Encoder Revolution Counter

I think the best way is to always reference your total accumulator and do math on that value. So, if you use a Modulo math function on the accumulator and 1440, the remainder will always be a fraction of that. This way, you will never lose an accumulated value. You can also use these same remainder function to determine the precise angle each cycle in a much simpler fashion I believe. As for the RPM, you can compute the delta in accumulator each PLC scan and compare the value. Hopefully you have access to the last scan time of the PLC as well, and you can take the delta and scan time to determine the Rate Per Scan. Multiple this out to your RPM and average over a few scans (say 1 second or more).
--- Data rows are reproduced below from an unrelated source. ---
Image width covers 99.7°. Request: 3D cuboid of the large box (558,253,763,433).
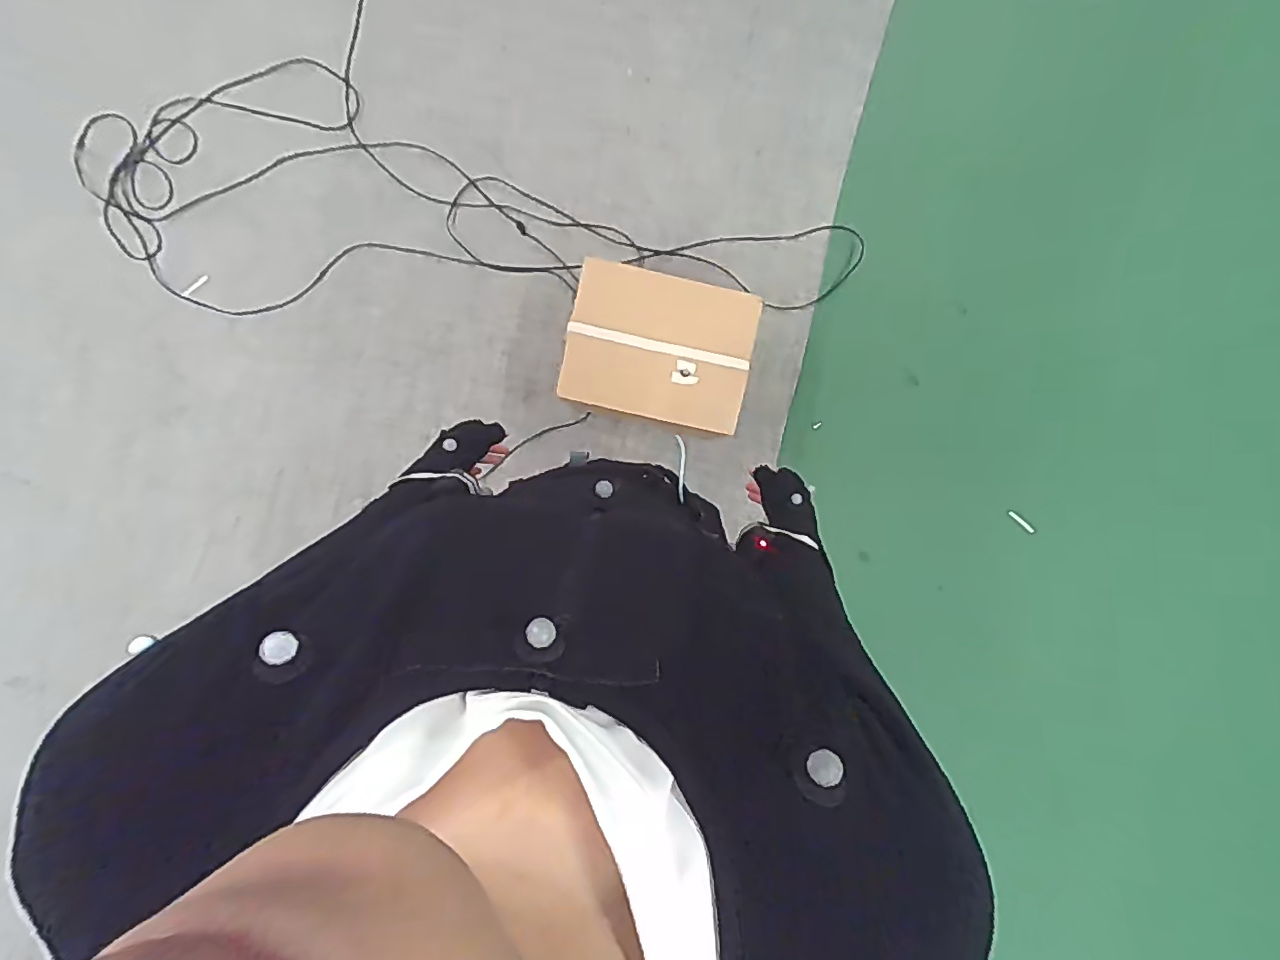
[{"bbox_3d":[0.038,-0.310,1.325,0.408,0.320,0.320,13,93,-2],"label":"large box"}]
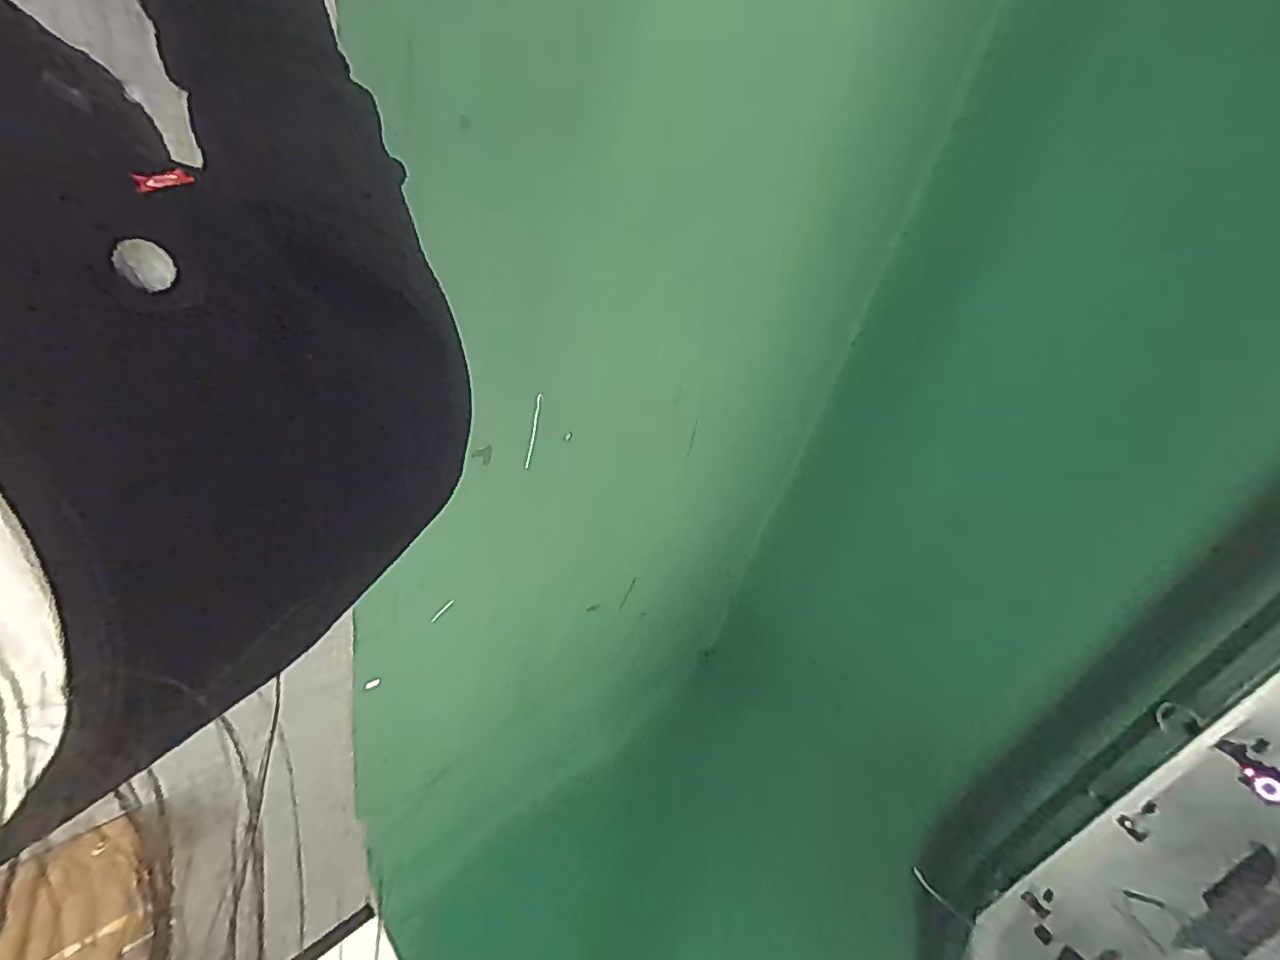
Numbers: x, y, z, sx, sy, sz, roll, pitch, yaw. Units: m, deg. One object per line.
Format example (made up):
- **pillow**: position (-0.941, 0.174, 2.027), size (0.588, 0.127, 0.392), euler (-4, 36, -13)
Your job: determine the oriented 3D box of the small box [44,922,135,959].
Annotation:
- **small box**: position (-1.447, 1.317, 1.413), size (0.168, 0.176, 0.179), euler (-21, 135, -42)
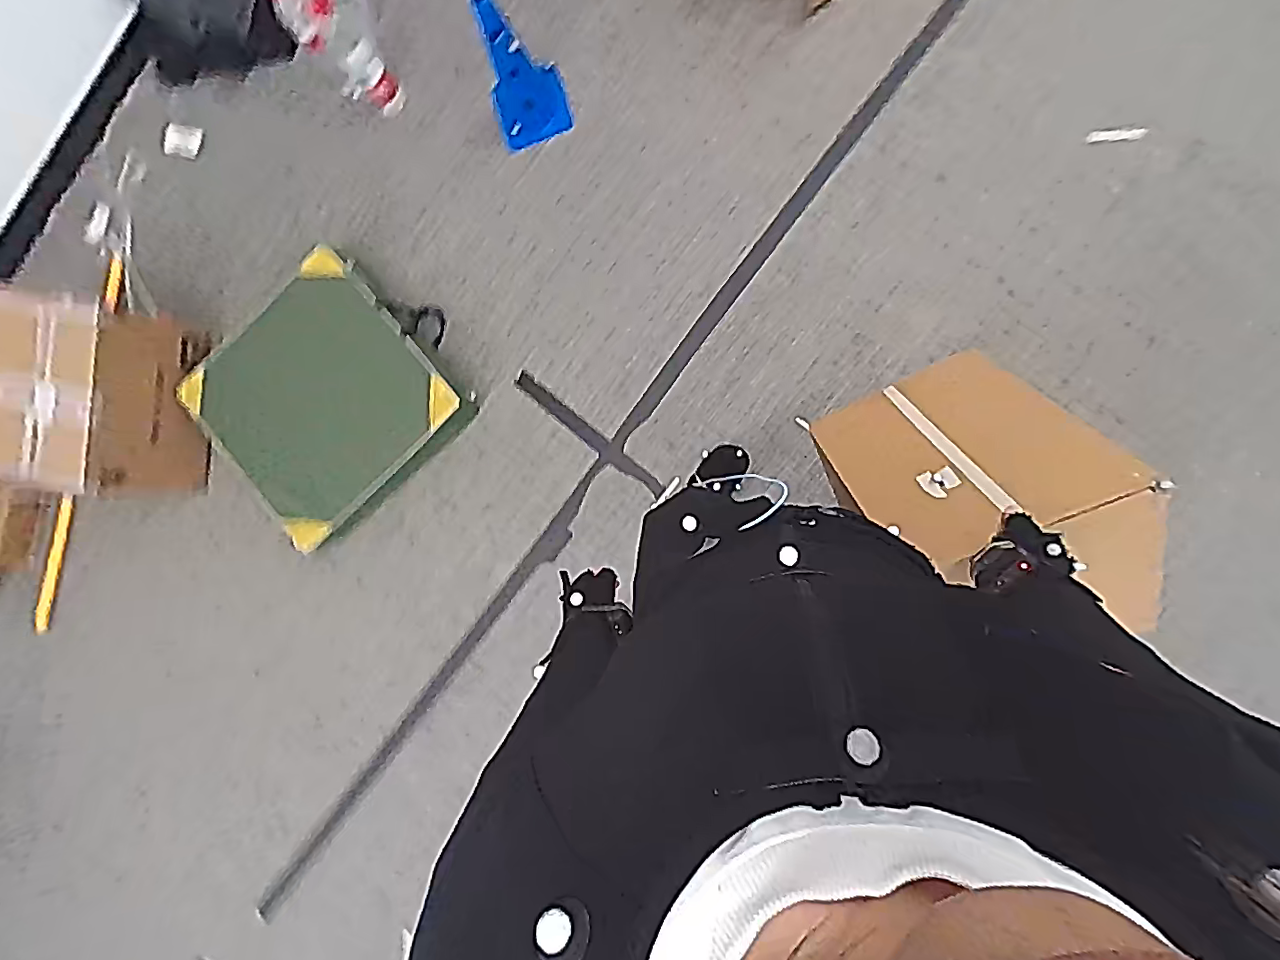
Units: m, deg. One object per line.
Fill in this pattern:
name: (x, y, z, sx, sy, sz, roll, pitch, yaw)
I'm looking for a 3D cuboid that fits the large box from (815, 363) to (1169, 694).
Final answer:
large box: (0.546, 0.070, 0.914, 0.320, 0.408, 0.320, -25, 124, 13)

I think that should work.
 
... So, if you use a Modulo math function on the accumulator and 1440, the remainder will always be a fraction of that. ...

This is the other approach, but requires a [modulo 1440] offset, initialized to 0, to be
  • to be incremented by 736* at every +32767 => -32768 rollover, and reduced modulo 1440,
  • to be incremented by 704* at every -32768 => +32767 rollunder, and reduced modulo 1440.
  • and added to the [-32768:+32767] accumulator value, and the sum reduced modulo 1440 for the final value.
This assumes the modulo instruction always returns a positive value, even if the input operand is negative.

* I might have those reversed; it's simple to test.
 
on each scan cycle,
  • subtract* the current_accumulator value from the previous_accumulatorvalue,
    • the difference is the change_in_pulses for the current scan cycle
  • move the current_accumulator value to the previous_accumulator tag (for the next scan cycle)
  • add the change_in_pulses value to the current_position_in_pulses tag
  • If the current_position_in_pulses value is greater than 1439, then subtract 1440
  • If the current_position_in_pulses value is less than 1439, then add 1440
  • current_position_in_pulses ÷ 4 = angle_in_degrees.
There needs to be some way to assign an initial current_position_in_pulses when the system starts up.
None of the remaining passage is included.